* _WHAT YOU HAVE TO DO_
Please repeat exactly the lines below from the one containing "text Besluit vakantieverhuur" down to the one containing "text U kunt met", both included, and nothing else.

* _STORED DATA_
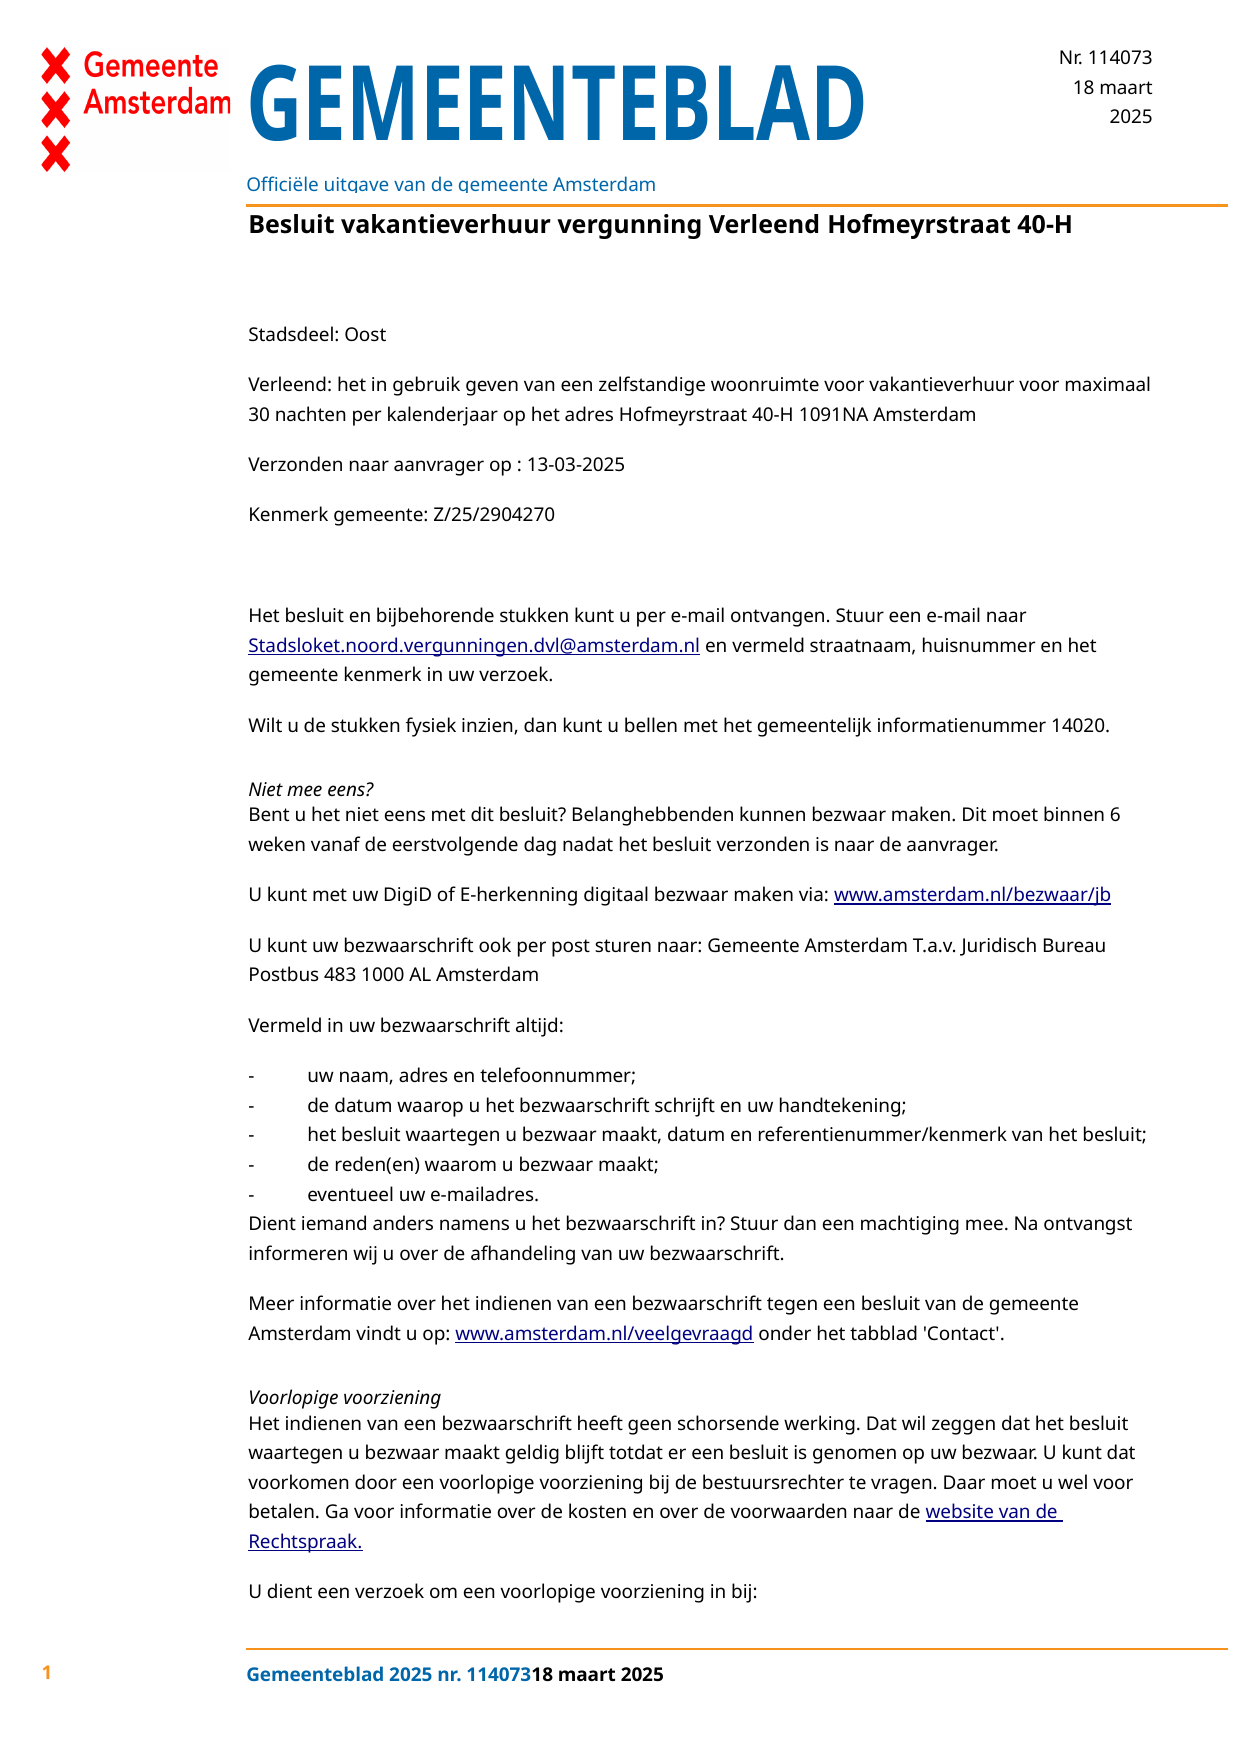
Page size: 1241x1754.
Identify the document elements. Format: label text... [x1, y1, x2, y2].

text Het indienen van een bezwaarschrift heeft geen schorsende werking. Dat wil zeggen dat het besluit waartegen u bezwaar maakt geldig blijft totdat er een besluit is genomen op uw bezwaar. U kunt dat voorkomen door een voorlopige voorziening bij de bestuursrechter te vragen. Daar moet u wel voor betalen. Ga voor informatie over de kosten en over de voorwaarden naar de website van de Rechtspraak. [248, 1410, 1152, 1554]
list de reden(en) waarom u bezwaar maakt; [248, 1151, 1152, 1177]
text Meer informatie over het indienen van een bezwaarschrift tegen een besluit van de gemeente Amsterdam vindt u op: www.amsterdam.nl/veelgevraagd onder het tabblad 'Contact'. [248, 1290, 1152, 1346]
text Niet mee eens? [248, 776, 1152, 802]
list het besluit waartegen u bezwaar maakt, datum en referentienummer/kenmerk van het besluit; [248, 1122, 1152, 1147]
text Besluit vakantieverhuur vergunning Verleend Hofmeyrstraat 40-H [248, 207, 1152, 241]
list eventueel uw e-mailadres. [248, 1181, 1152, 1207]
text U kunt met uw DigiD of E-herkenning digitaal bezwaar maken via: www.amsterdam.nl/bezwaar/jb [248, 882, 1152, 907]
text Voorlopige voorziening [248, 1384, 1152, 1410]
text U kunt uw bezwaarschrift ook per post sturen naar: Gemeente Amsterdam T.a.v. Juridisch Bureau Postbus 483 1000 AL Amsterdam [248, 932, 1152, 987]
text Kenmerk gemeente: Z/25/2904270 [248, 502, 1152, 527]
picture [41, 47, 231, 172]
list uw naam, adres en telefoonnummer; [248, 1062, 1152, 1088]
text U dient een verzoek om een voorlopige voorziening in bij: [248, 1578, 1152, 1604]
list de datum waarop u het bezwaarschrift schrijft en uw handtekening; [248, 1092, 1152, 1118]
text Het besluit en bijbehorende stukken kunt u per e-mail ontvangen. Stuur een e-mail naar Stadsloket.noord.vergunningen.dvl@amsterdam.nl en vermeld straatnaam, huisnummer en het gemeente kenmerk in uw verzoek. [248, 602, 1152, 687]
text Verleend: het in gebruik geven van een zelfstandige woonruimte voor vakantieverhuur voor maximaal 30 nachten per kalenderjaar op het adres Hofmeyrstraat 40-H 1091NA Amsterdam [248, 371, 1152, 426]
text Stadsdeel: Oost [248, 321, 1152, 346]
text Verzonden naar aanvrager op : 13-03-2025 [248, 451, 1152, 477]
text Bent u het niet eens met dit besluit? Belanghebbenden kunnen bezwaar maken. Dit moet binnen 6 weken vanaf de eerstvolgende dag nadat het besluit verzonden is naar de aanvrager. [248, 802, 1152, 857]
text Wilt u de stukken fysiek inzien, dan kunt u bellen met het gemeentelijk informatienummer 14020. [248, 712, 1152, 738]
text Vermeld in uw bezwaarschrift altijd: [248, 1012, 1152, 1038]
text Dient iemand anders namens u het bezwaarschrift in? Stuur dan een machtiging mee. Na ontvangst informeren wij u over de afhandeling van uw bezwaarschrift. [248, 1210, 1152, 1266]
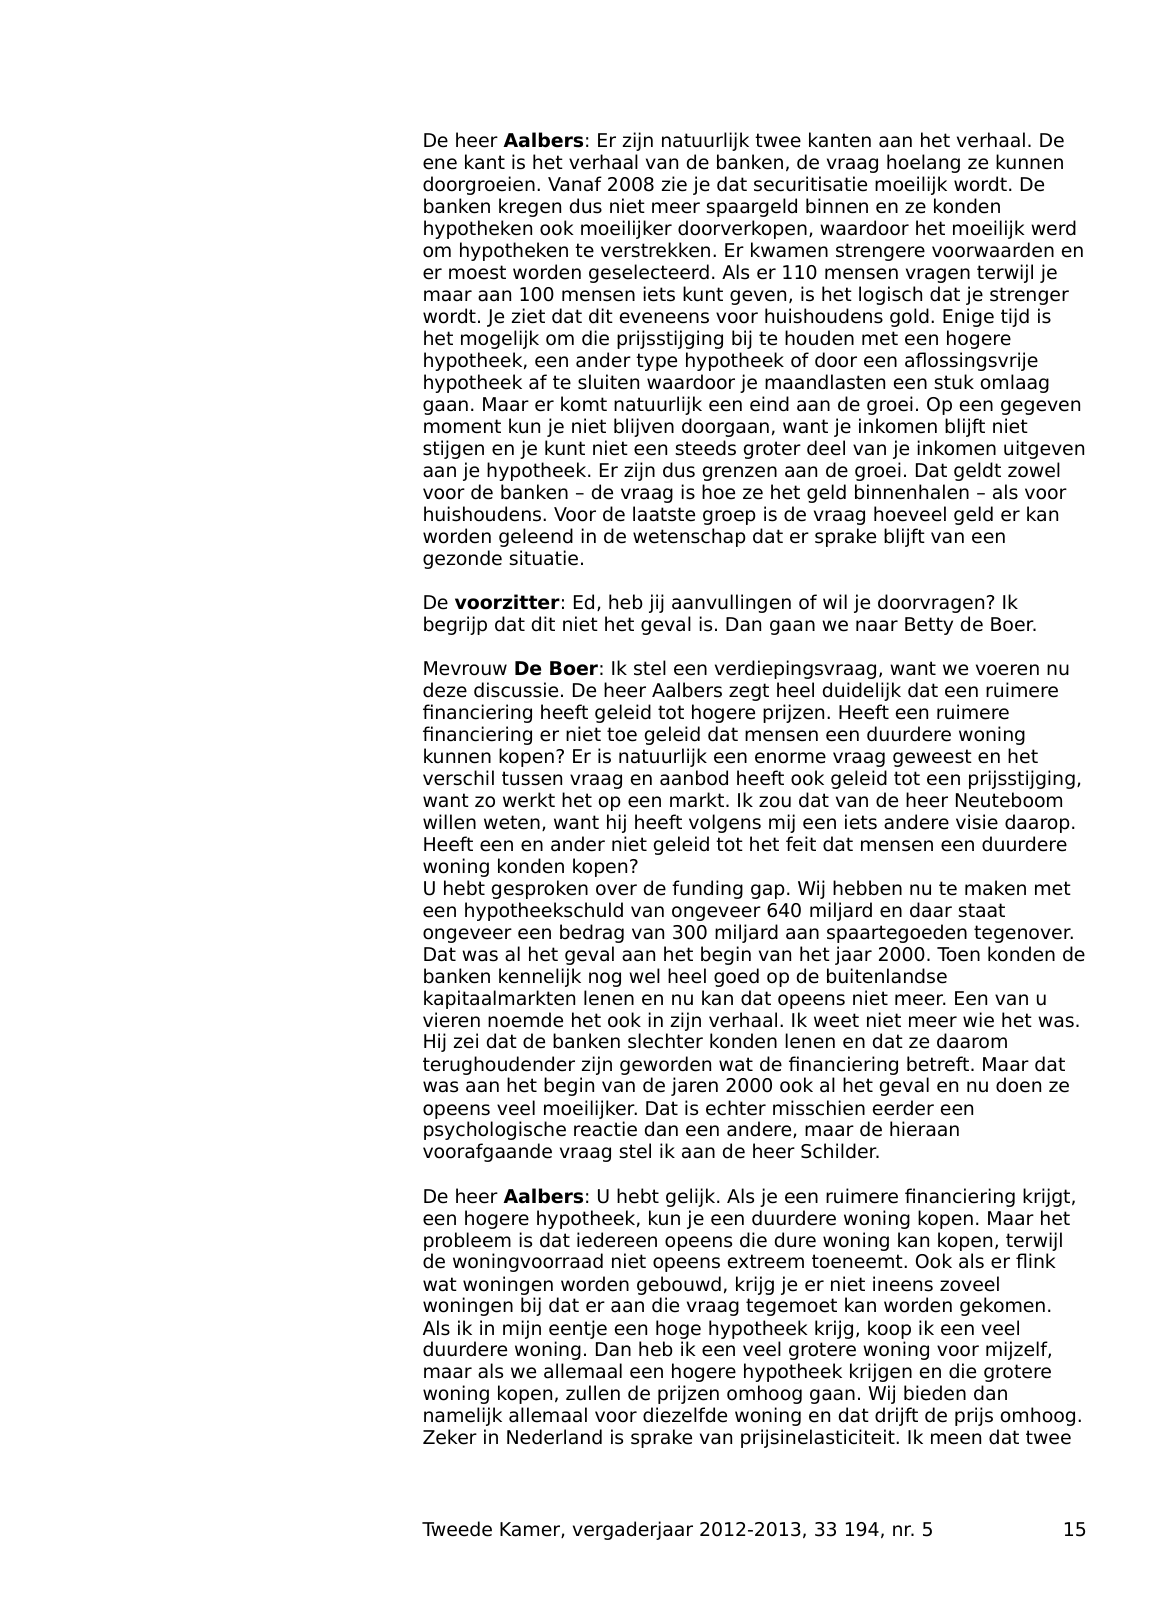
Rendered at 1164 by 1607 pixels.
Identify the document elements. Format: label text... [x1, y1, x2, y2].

text De heer Aalbers: Er zijn natuurlijk twee kanten aan het verhaal. De ene kant is het verhaal van de banken, de vraag hoelang ze kunnen doorgroeien. Vanaf 2008 zie je dat securitisatie moeilijk wordt. De banken kregen dus niet meer spaargeld binnen en ze konden hypotheken ook moeilijker doorverkopen, waardoor het moeilijk werd om hypotheken te verstrekken. Er kwamen strengere voorwaarden en er moest worden geselecteerd. Als er 110 mensen vragen terwijl je maar aan 100 mensen iets kunt geven, is het logisch dat je strenger wordt. Je ziet dat dit eveneens voor huishoudens gold. Enige tijd is het mogelijk om die prijsstijging bij te houden met een hogere hypotheek, een ander type hypotheek of door een aflossingsvrije hypotheek af te sluiten waardoor je maandlasten een stuk omlaag gaan. Maar er komt natuurlijk een eind aan de groei. Op een gegeven moment kun je niet blijven doorgaan, want je inkomen blijft niet stijgen en je kunt niet een steeds groter deel van je inkomen uitgeven aan je hypotheek. Er zijn dus grenzen aan de groei. Dat geldt zowel voor de banken – de vraag is hoe ze het geld binnenhalen – als voor huishoudens. Voor de laatste groep is de vraag hoeveel geld er kan worden geleend in de wetenschap dat er sprake blijft van een gezonde situatie. [422, 130, 1087, 569]
text Mevrouw De Boer: Ik stel een verdiepingsvraag, want we voeren nu deze discussie. De heer Aalbers zegt heel duidelijk dat een ruimere financiering heeft geleid tot hogere prijzen. Heeft een ruimere financiering er niet toe geleid dat mensen een duurdere woning kunnen kopen? Er is natuurlijk een enorme vraag geweest en het verschil tussen vraag en aanbod heeft ook geleid tot een prijsstijging, want zo werkt het op een markt. Ik zou dat van de heer Neuteboom willen weten, want hij heeft volgens mij een iets andere visie daarop. Heeft een en ander niet geleid tot het feit dat mensen een duurdere woning konden kopen? [422, 658, 1087, 878]
text U hebt gesproken over de funding gap. Wij hebben nu te maken met een hypotheekschuld van ongeveer 640 miljard en daar staat ongeveer een bedrag van 300 miljard aan spaartegoeden tegenover. Dat was al het geval aan het begin van het jaar 2000. Toen konden de banken kennelijk nog wel heel goed op de buitenlandse kapitaalmarkten lenen en nu kan dat opeens niet meer. Een van u vieren noemde het ook in zijn verhaal. Ik weet niet meer wie het was. Hij zei dat de banken slechter konden lenen en dat ze daarom terughoudender zijn geworden wat de financiering betreft. Maar dat was aan het begin van de jaren 2000 ook al het geval en nu doen ze opeens veel moeilijker. Dat is echter misschien eerder een psychologische reactie dan een andere, maar de hieraan voorafgaande vraag stel ik aan de heer Schilder. [422, 878, 1087, 1163]
text De voorzitter: Ed, heb jij aanvullingen of wil je doorvragen? Ik begrijp dat dit niet het geval is. Dan gaan we naar Betty de Boer. [422, 592, 1087, 636]
text De heer Aalbers: U hebt gelijk. Als je een ruimere financiering krijgt, een hogere hypotheek, kun je een duurdere woning kopen. Maar het probleem is dat iedereen opeens die dure woning kan kopen, terwijl de woningvoorraad niet opeens extreem toeneemt. Ook als er flink wat woningen worden gebouwd, krijg je er niet ineens zoveel woningen bij dat er aan die vraag tegemoet kan worden gekomen. Als ik in mijn eentje een hoge hypotheek krijg, koop ik een veel duurdere woning. Dan heb ik een veel grotere woning voor mijzelf, maar als we allemaal een hogere hypotheek krijgen en die grotere woning kopen, zullen de prijzen omhoog gaan. Wij bieden dan namelijk allemaal voor diezelfde woning en dat drijft de prijs omhoog. Zeker in Nederland is sprake van prijsinelasticiteit. Ik meen dat twee [422, 1186, 1087, 1449]

* _YOUR SOLUTION_
text Besluit vakantieverhuur vergunning Verleend Hofmeyrstraat 40-H [248, 207, 1152, 241]
list eventueel uw e-mailadres. [248, 1181, 1152, 1207]
text U kunt met uw DigiD of E-herkenning digitaal bezwaar maken via: www.amsterdam.nl/bezwaar/jb [248, 882, 1152, 907]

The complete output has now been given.